# 2014 Dolores Triangle Archery



## bow hunter (Sep 11, 2007)

I have 9 points and have been putting in for the Book Cliffs the past few years, I know this unit well and have drawn it previously. I really think the unit has gone down hill the last 3-4 years. I don't want to hunt the Vernon, I'm contemplating putting in for the Dolores Triangle. I haver never stepped foot on the unit and have read how weather dependent the unit can be. 

Like all of us I'm looking for a good mature buck but also a new area and hunting experience. This years dates are Nov. 1-14. Looking for advice. Anybody archery hunted this in the past? Would it be a worthwhile hunt?

Thanks for any insight.


----------



## swbuckmaster (Sep 14, 2007)

Why would you want to hunt sloppy thirds and fourths with a lesser weapon?


----------



## Longgun (Sep 7, 2007)

bow hunter said:


> I have 9 points and have been putting in for the Book Cliffs the past few years, I know this unit well and have drawn it previously. I really think the unit has gone down hill the last 3-4 years. I don't want to hunt the Vernon, I'm contemplating putting in for the Dolores Triangle. I haver never stepped foot on the unit and have read how weather dependent the unit can be.
> 
> Like all of us I'm looking for a good mature buck but also a new area and hunting experience. This years dates are Nov. 1-14. Looking for advice. Anybody archery hunted this in the past? Would it be a worthwhile hunt?
> 
> Thanks for any insight.


A good friend of mine drew this tag a few years ago. he went down on marginal weather conditions (blustery at best, w/next to zero snow in Colo) and didnt see a big mature buck in four days of hunting. Granted he's a BIG buck nut and his top standard may be well away/different than yours but, he wasnt at all impressed with his end result. He spoke of seeing a few "close" to being shooters... but never mentioned exactly what he was seeing. im guessing he was seeing bucks in the <24" range. Its a totally different story if you do happen to get GOOD NASTY COLD temps, and PILES of the white stuff in Colorado.

Good luck


----------



## Longgun (Sep 7, 2007)

swbuckmaster said:


> Why would you want to hunt sloppy thirds and fourths with a lesser weapon?

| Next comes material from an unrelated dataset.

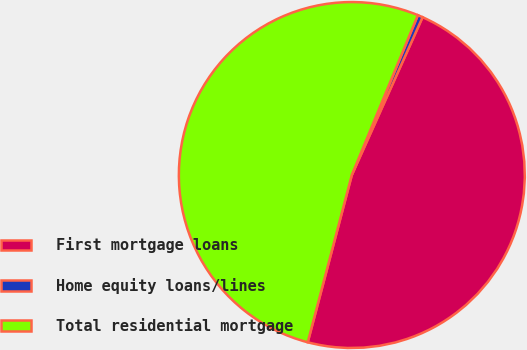Convert chart. <chart><loc_0><loc_0><loc_500><loc_500><pie_chart><fcel>First mortgage loans<fcel>Home equity loans/lines<fcel>Total residential mortgage<nl><fcel>47.4%<fcel>0.47%<fcel>52.14%<nl></chart>

because fuzzy antlers look like hell!? ;-)


----------



## Critter (Mar 20, 2010)

The Deloris Triangle hunt used to be a fantastic hunt until the created the wilderness area out of the north part of the unit and blocked off vehicle access to the Colorado River across from Westwater. Now the only way into that area is a very long hike or across the river, but since the Triangle part of the river is now wilderness and no motorized boats or vehicles are allowed. 

So if I were to hunt that area again I would try to figure out a what to get back into that area, there are some great bucks in that area.


----------